Monday, January 27, 2014

What it's like


Well, if you read the last post, then you know some of my current hesitations about blogging. Calls for permanence and indelible records be damned: there should be a spot in our hearts for the brief, the fleeting, the ephemeral, as well. Take, for instance, the popular website Incredibox, which allows you combine various beats, musical motifs, and effects to create a tune that is, within certain parameters, all your own. It's a fun, flexible tool - and, Cleo, you're just about ready to give it a whirl. But notice, while you're busy dropping beats, that there's no save function. The music you make here is as music always was, before the advent of recording technology: a product of the moment in which it is made, and no more.

Again, though, I'm also sympathetic to calls for some permanent records of our graceful moments. We're the better, you might say, for being able to hear Maria Callas' voice, even if we can't see her live. And I remember a remarkable wall in an old family home on the Eastern Shore, on which the evolving heights of a gaggle of sons and daughters and cousins were marked in pencil, until the whole surface was a dense network of lines and dates: a cumulative reminder of a family's growth.

This blog is not that wall, quite. But it can be, and occasionally should be, a helpful record of sorts. And so, Cleo, here's a condensed summary of some of the patterns that currently govern our lives, as you take the turn from four and a half towards four and three quarters:

Your day usually begins at about 5:45. We can hear you sing and babble briefly, and then you often put a CD on, and take your pull-up off (and deposit it in the trash can: thanks!). You generally show considerable patience, too, in waiting until 6, which is when you're allowed to wake us up (although a couple of days ago you wandered into our room, asking, loudly, "Is 55 7 much before 6?"). We then wander downstairs, make you a blanket chair, and settle in for your only video of the day: typically, these days, a 25-minute stretch of a movie such as Ratatouille, or The Lorax. Then it's time for your breakfast, which generally means yogurt and honey, and your homemade granola with milk. You can get yourself dressed, and today I found you laying out clothes and remarking on how you would look, in a given combination, like a maiden. And by 7:50 we're out the door.

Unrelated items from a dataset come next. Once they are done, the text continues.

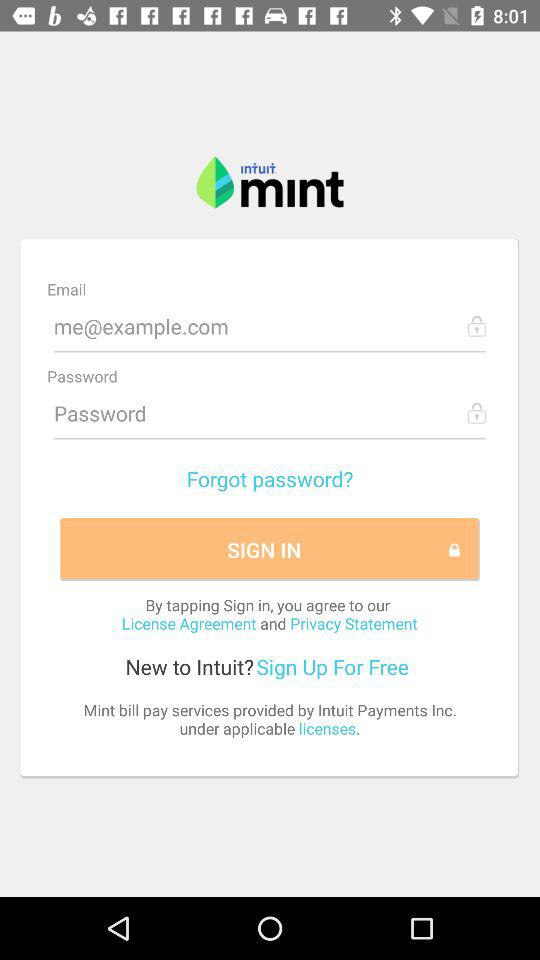What is the name of the application? The name of the application is "Intuit Mint". 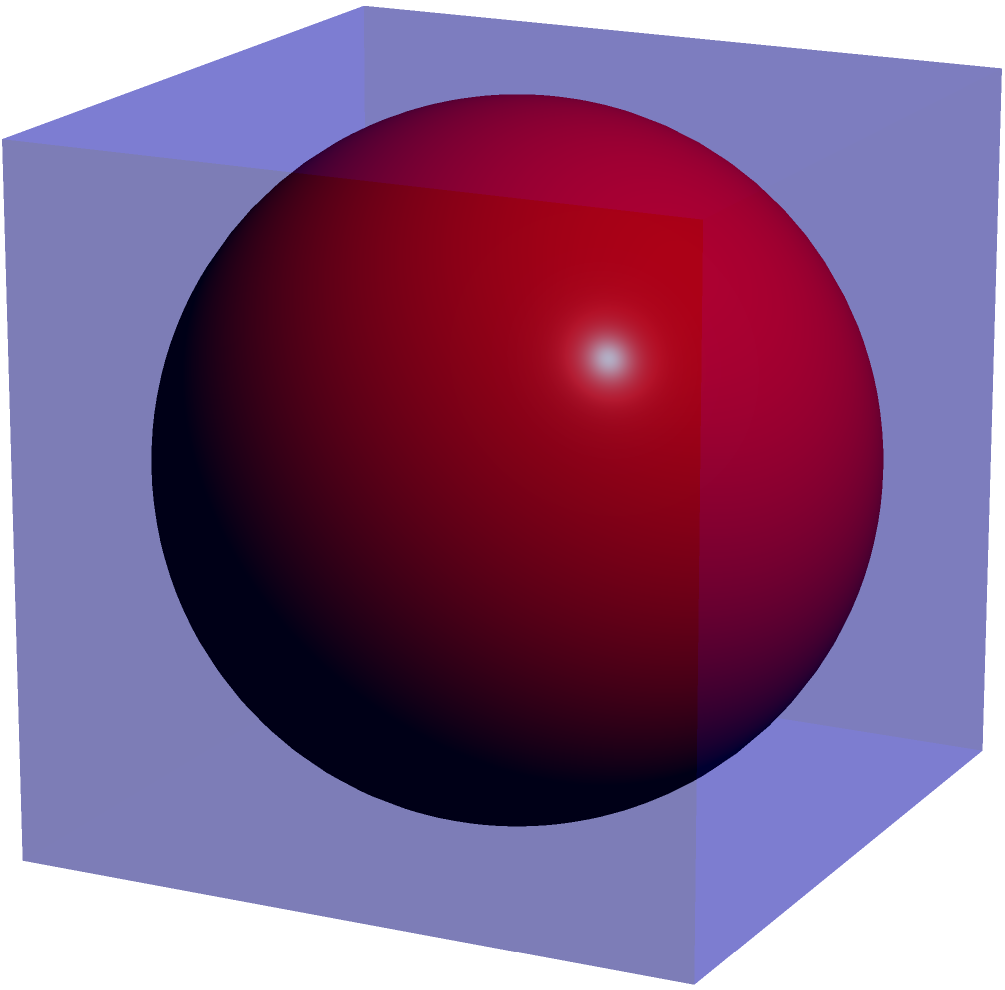In a literary analysis of spatial metaphors in the poet laureate's work, you encounter a recurring image of a sphere contained within a cube. If the edge length of the cube is 6 units, what is the volume of the inscribed sphere? Express your answer in terms of π. Let's approach this step-by-step:

1) First, recall that the diameter of an inscribed sphere is equal to the edge length of the cube. This is because the sphere touches the cube at the center of each face.

2) Given that the edge length of the cube is 6 units, the diameter of the sphere is also 6 units.

3) The radius of the sphere is half of its diameter. So, the radius $r = 6/2 = 3$ units.

4) The formula for the volume of a sphere is:

   $$V = \frac{4}{3}\pi r^3$$

5) Substituting our radius value:

   $$V = \frac{4}{3}\pi (3)^3$$

6) Simplify:
   
   $$V = \frac{4}{3}\pi (27) = 36\pi$$

Therefore, the volume of the inscribed sphere is $36\pi$ cubic units.
Answer: $36\pi$ cubic units 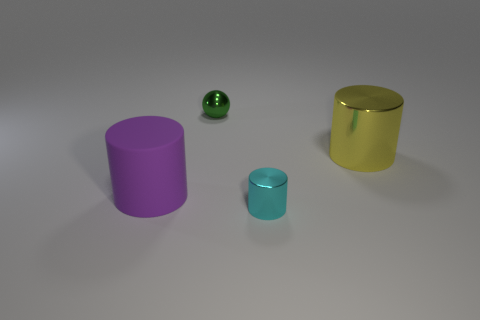Add 4 yellow matte blocks. How many objects exist? 8 Subtract all big yellow metal cylinders. How many cylinders are left? 2 Subtract all cylinders. How many objects are left? 1 Add 1 yellow metal objects. How many yellow metal objects are left? 2 Add 1 small gray matte objects. How many small gray matte objects exist? 1 Subtract all yellow cylinders. How many cylinders are left? 2 Subtract 0 yellow cubes. How many objects are left? 4 Subtract all gray cylinders. Subtract all red spheres. How many cylinders are left? 3 Subtract all yellow things. Subtract all blue matte cubes. How many objects are left? 3 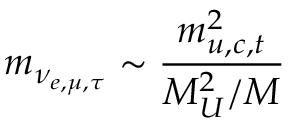<formula> <loc_0><loc_0><loc_500><loc_500>m _ { \nu _ { e , \mu , \tau } } \sim { \frac { m _ { u , c , t } ^ { 2 } } { M _ { U } ^ { 2 } / M } }</formula> 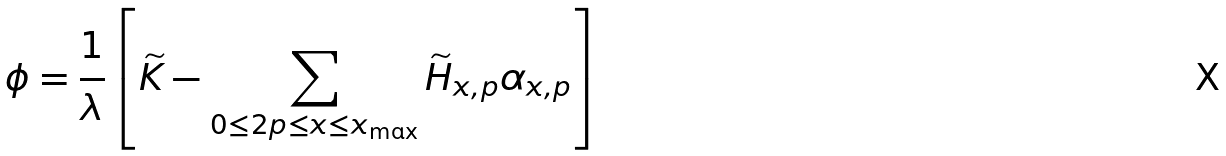Convert formula to latex. <formula><loc_0><loc_0><loc_500><loc_500>\phi = \frac { 1 } { \lambda } \left [ \widetilde { K } - \sum _ { 0 \leq 2 p \leq x \leq x _ { \max } } \widetilde { H } _ { x , p } \alpha _ { x , p } \right ]</formula> 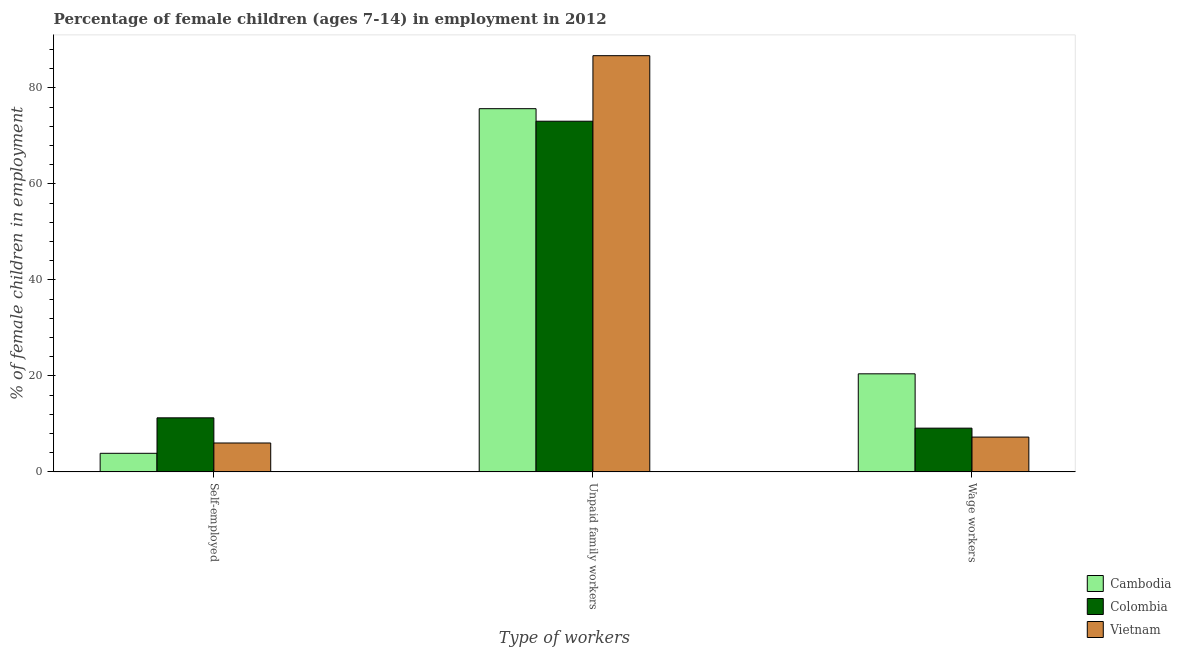Are the number of bars on each tick of the X-axis equal?
Your answer should be compact. Yes. How many bars are there on the 1st tick from the right?
Your answer should be very brief. 3. What is the label of the 2nd group of bars from the left?
Your answer should be compact. Unpaid family workers. What is the percentage of self employed children in Vietnam?
Provide a succinct answer. 6.03. Across all countries, what is the maximum percentage of self employed children?
Your response must be concise. 11.27. Across all countries, what is the minimum percentage of children employed as unpaid family workers?
Provide a short and direct response. 73.06. In which country was the percentage of children employed as wage workers maximum?
Your answer should be very brief. Cambodia. In which country was the percentage of children employed as wage workers minimum?
Keep it short and to the point. Vietnam. What is the total percentage of self employed children in the graph?
Offer a very short reply. 21.18. What is the difference between the percentage of children employed as unpaid family workers in Colombia and that in Cambodia?
Your answer should be compact. -2.61. What is the difference between the percentage of self employed children in Colombia and the percentage of children employed as wage workers in Cambodia?
Give a very brief answer. -9.17. What is the average percentage of self employed children per country?
Your answer should be compact. 7.06. What is the difference between the percentage of children employed as unpaid family workers and percentage of self employed children in Vietnam?
Your answer should be compact. 80.68. What is the ratio of the percentage of self employed children in Vietnam to that in Cambodia?
Your answer should be compact. 1.55. What is the difference between the highest and the second highest percentage of children employed as wage workers?
Offer a terse response. 11.32. What is the difference between the highest and the lowest percentage of children employed as wage workers?
Your answer should be compact. 13.18. In how many countries, is the percentage of self employed children greater than the average percentage of self employed children taken over all countries?
Provide a succinct answer. 1. What does the 1st bar from the left in Unpaid family workers represents?
Ensure brevity in your answer.  Cambodia. What does the 3rd bar from the right in Self-employed represents?
Offer a terse response. Cambodia. Does the graph contain grids?
Your response must be concise. No. Where does the legend appear in the graph?
Give a very brief answer. Bottom right. How many legend labels are there?
Offer a very short reply. 3. How are the legend labels stacked?
Provide a short and direct response. Vertical. What is the title of the graph?
Your answer should be very brief. Percentage of female children (ages 7-14) in employment in 2012. What is the label or title of the X-axis?
Ensure brevity in your answer.  Type of workers. What is the label or title of the Y-axis?
Make the answer very short. % of female children in employment. What is the % of female children in employment of Cambodia in Self-employed?
Your answer should be compact. 3.88. What is the % of female children in employment of Colombia in Self-employed?
Your answer should be compact. 11.27. What is the % of female children in employment in Vietnam in Self-employed?
Your answer should be compact. 6.03. What is the % of female children in employment of Cambodia in Unpaid family workers?
Offer a very short reply. 75.67. What is the % of female children in employment of Colombia in Unpaid family workers?
Offer a very short reply. 73.06. What is the % of female children in employment in Vietnam in Unpaid family workers?
Offer a terse response. 86.71. What is the % of female children in employment of Cambodia in Wage workers?
Ensure brevity in your answer.  20.44. What is the % of female children in employment in Colombia in Wage workers?
Give a very brief answer. 9.12. What is the % of female children in employment of Vietnam in Wage workers?
Make the answer very short. 7.26. Across all Type of workers, what is the maximum % of female children in employment of Cambodia?
Your answer should be very brief. 75.67. Across all Type of workers, what is the maximum % of female children in employment of Colombia?
Keep it short and to the point. 73.06. Across all Type of workers, what is the maximum % of female children in employment of Vietnam?
Your answer should be very brief. 86.71. Across all Type of workers, what is the minimum % of female children in employment in Cambodia?
Your answer should be compact. 3.88. Across all Type of workers, what is the minimum % of female children in employment of Colombia?
Your answer should be very brief. 9.12. Across all Type of workers, what is the minimum % of female children in employment of Vietnam?
Keep it short and to the point. 6.03. What is the total % of female children in employment of Cambodia in the graph?
Keep it short and to the point. 99.99. What is the total % of female children in employment of Colombia in the graph?
Provide a short and direct response. 93.45. What is the total % of female children in employment in Vietnam in the graph?
Make the answer very short. 100. What is the difference between the % of female children in employment in Cambodia in Self-employed and that in Unpaid family workers?
Your answer should be very brief. -71.79. What is the difference between the % of female children in employment of Colombia in Self-employed and that in Unpaid family workers?
Give a very brief answer. -61.79. What is the difference between the % of female children in employment of Vietnam in Self-employed and that in Unpaid family workers?
Ensure brevity in your answer.  -80.68. What is the difference between the % of female children in employment in Cambodia in Self-employed and that in Wage workers?
Ensure brevity in your answer.  -16.56. What is the difference between the % of female children in employment of Colombia in Self-employed and that in Wage workers?
Your answer should be very brief. 2.15. What is the difference between the % of female children in employment of Vietnam in Self-employed and that in Wage workers?
Offer a terse response. -1.23. What is the difference between the % of female children in employment of Cambodia in Unpaid family workers and that in Wage workers?
Your answer should be very brief. 55.23. What is the difference between the % of female children in employment of Colombia in Unpaid family workers and that in Wage workers?
Provide a succinct answer. 63.94. What is the difference between the % of female children in employment in Vietnam in Unpaid family workers and that in Wage workers?
Offer a very short reply. 79.45. What is the difference between the % of female children in employment in Cambodia in Self-employed and the % of female children in employment in Colombia in Unpaid family workers?
Ensure brevity in your answer.  -69.18. What is the difference between the % of female children in employment in Cambodia in Self-employed and the % of female children in employment in Vietnam in Unpaid family workers?
Offer a terse response. -82.83. What is the difference between the % of female children in employment of Colombia in Self-employed and the % of female children in employment of Vietnam in Unpaid family workers?
Offer a terse response. -75.44. What is the difference between the % of female children in employment of Cambodia in Self-employed and the % of female children in employment of Colombia in Wage workers?
Provide a short and direct response. -5.24. What is the difference between the % of female children in employment in Cambodia in Self-employed and the % of female children in employment in Vietnam in Wage workers?
Offer a very short reply. -3.38. What is the difference between the % of female children in employment of Colombia in Self-employed and the % of female children in employment of Vietnam in Wage workers?
Ensure brevity in your answer.  4.01. What is the difference between the % of female children in employment in Cambodia in Unpaid family workers and the % of female children in employment in Colombia in Wage workers?
Give a very brief answer. 66.55. What is the difference between the % of female children in employment in Cambodia in Unpaid family workers and the % of female children in employment in Vietnam in Wage workers?
Keep it short and to the point. 68.41. What is the difference between the % of female children in employment of Colombia in Unpaid family workers and the % of female children in employment of Vietnam in Wage workers?
Your response must be concise. 65.8. What is the average % of female children in employment of Cambodia per Type of workers?
Your answer should be compact. 33.33. What is the average % of female children in employment of Colombia per Type of workers?
Make the answer very short. 31.15. What is the average % of female children in employment of Vietnam per Type of workers?
Make the answer very short. 33.33. What is the difference between the % of female children in employment of Cambodia and % of female children in employment of Colombia in Self-employed?
Make the answer very short. -7.39. What is the difference between the % of female children in employment in Cambodia and % of female children in employment in Vietnam in Self-employed?
Provide a succinct answer. -2.15. What is the difference between the % of female children in employment of Colombia and % of female children in employment of Vietnam in Self-employed?
Keep it short and to the point. 5.24. What is the difference between the % of female children in employment in Cambodia and % of female children in employment in Colombia in Unpaid family workers?
Provide a succinct answer. 2.61. What is the difference between the % of female children in employment of Cambodia and % of female children in employment of Vietnam in Unpaid family workers?
Make the answer very short. -11.04. What is the difference between the % of female children in employment of Colombia and % of female children in employment of Vietnam in Unpaid family workers?
Keep it short and to the point. -13.65. What is the difference between the % of female children in employment in Cambodia and % of female children in employment in Colombia in Wage workers?
Ensure brevity in your answer.  11.32. What is the difference between the % of female children in employment in Cambodia and % of female children in employment in Vietnam in Wage workers?
Your answer should be compact. 13.18. What is the difference between the % of female children in employment of Colombia and % of female children in employment of Vietnam in Wage workers?
Provide a short and direct response. 1.86. What is the ratio of the % of female children in employment in Cambodia in Self-employed to that in Unpaid family workers?
Your response must be concise. 0.05. What is the ratio of the % of female children in employment of Colombia in Self-employed to that in Unpaid family workers?
Offer a terse response. 0.15. What is the ratio of the % of female children in employment of Vietnam in Self-employed to that in Unpaid family workers?
Offer a terse response. 0.07. What is the ratio of the % of female children in employment of Cambodia in Self-employed to that in Wage workers?
Your answer should be compact. 0.19. What is the ratio of the % of female children in employment in Colombia in Self-employed to that in Wage workers?
Your answer should be compact. 1.24. What is the ratio of the % of female children in employment in Vietnam in Self-employed to that in Wage workers?
Offer a very short reply. 0.83. What is the ratio of the % of female children in employment in Cambodia in Unpaid family workers to that in Wage workers?
Ensure brevity in your answer.  3.7. What is the ratio of the % of female children in employment in Colombia in Unpaid family workers to that in Wage workers?
Keep it short and to the point. 8.01. What is the ratio of the % of female children in employment in Vietnam in Unpaid family workers to that in Wage workers?
Your response must be concise. 11.94. What is the difference between the highest and the second highest % of female children in employment in Cambodia?
Ensure brevity in your answer.  55.23. What is the difference between the highest and the second highest % of female children in employment in Colombia?
Ensure brevity in your answer.  61.79. What is the difference between the highest and the second highest % of female children in employment in Vietnam?
Keep it short and to the point. 79.45. What is the difference between the highest and the lowest % of female children in employment of Cambodia?
Your response must be concise. 71.79. What is the difference between the highest and the lowest % of female children in employment in Colombia?
Your answer should be very brief. 63.94. What is the difference between the highest and the lowest % of female children in employment in Vietnam?
Provide a succinct answer. 80.68. 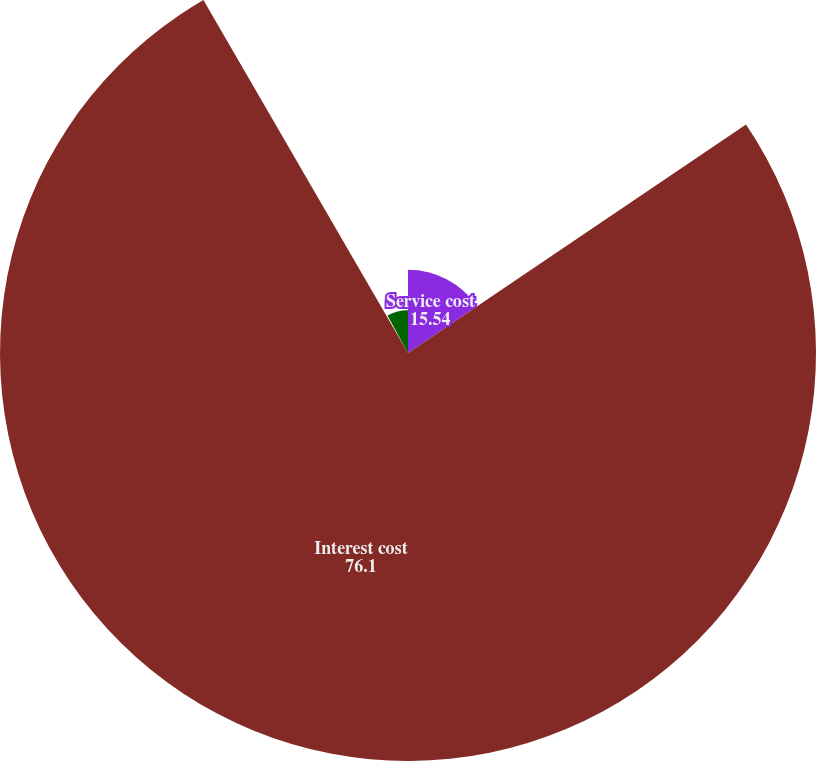<chart> <loc_0><loc_0><loc_500><loc_500><pie_chart><fcel>Service cost<fcel>Interest cost<fcel>Recognized actuarial (gain)<fcel>Total<nl><fcel>15.54%<fcel>76.1%<fcel>0.39%<fcel>7.97%<nl></chart> 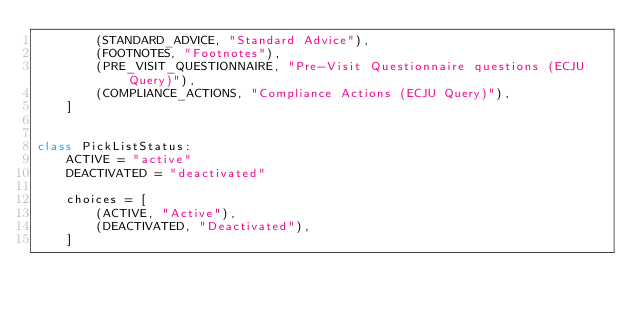<code> <loc_0><loc_0><loc_500><loc_500><_Python_>        (STANDARD_ADVICE, "Standard Advice"),
        (FOOTNOTES, "Footnotes"),
        (PRE_VISIT_QUESTIONNAIRE, "Pre-Visit Questionnaire questions (ECJU Query)"),
        (COMPLIANCE_ACTIONS, "Compliance Actions (ECJU Query)"),
    ]


class PickListStatus:
    ACTIVE = "active"
    DEACTIVATED = "deactivated"

    choices = [
        (ACTIVE, "Active"),
        (DEACTIVATED, "Deactivated"),
    ]
</code> 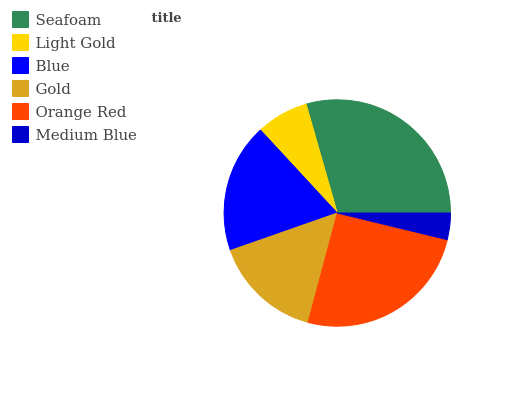Is Medium Blue the minimum?
Answer yes or no. Yes. Is Seafoam the maximum?
Answer yes or no. Yes. Is Light Gold the minimum?
Answer yes or no. No. Is Light Gold the maximum?
Answer yes or no. No. Is Seafoam greater than Light Gold?
Answer yes or no. Yes. Is Light Gold less than Seafoam?
Answer yes or no. Yes. Is Light Gold greater than Seafoam?
Answer yes or no. No. Is Seafoam less than Light Gold?
Answer yes or no. No. Is Blue the high median?
Answer yes or no. Yes. Is Gold the low median?
Answer yes or no. Yes. Is Orange Red the high median?
Answer yes or no. No. Is Light Gold the low median?
Answer yes or no. No.

What do you do at school? It's largely a mystery to me. There's circle time, and you've clearly learned some songs there; Miss Winnie likes to call you a super listener, as well. I suppose that you typically play some princess games with Justice and Nia, and perhaps you also draw alongside Forrest, Jasper (who has been sending you roughly drawn missives every few days), or Mo. In this cold, your class doesn't tend to go out, but there are rotating stations, and when I pick you up I usually find you at an art station, drawing and writing (as today, when you designed a handsome card for Mom), or busily changing into a costume in dress-ups.

Then, of course, it's home, unless we stop for a bagel at Charmington's. It's a 13-minute drive to get Mom, and about 12 minutes from there - meaning that you can get through about half of one of your Classical Kids CDs. At home, you like to eat a few nuts and to play with a toy or two, before asking for a story. We chat as we get dinner ready, and tonight we also executed a Lite Brite pattern of a shark. And then, since you've been up for about 13 hours, you've been getting tired, suddenly and visibly, at about 6:45. We brush; you shed a tear or two but hold up; you wriggle into warm pajamas. A story or two - or, recently, a mere fraction of a graphic novel such as How Mirka Got Her Sword - and it's lights out.

Until we get up and do it all over again, with variations.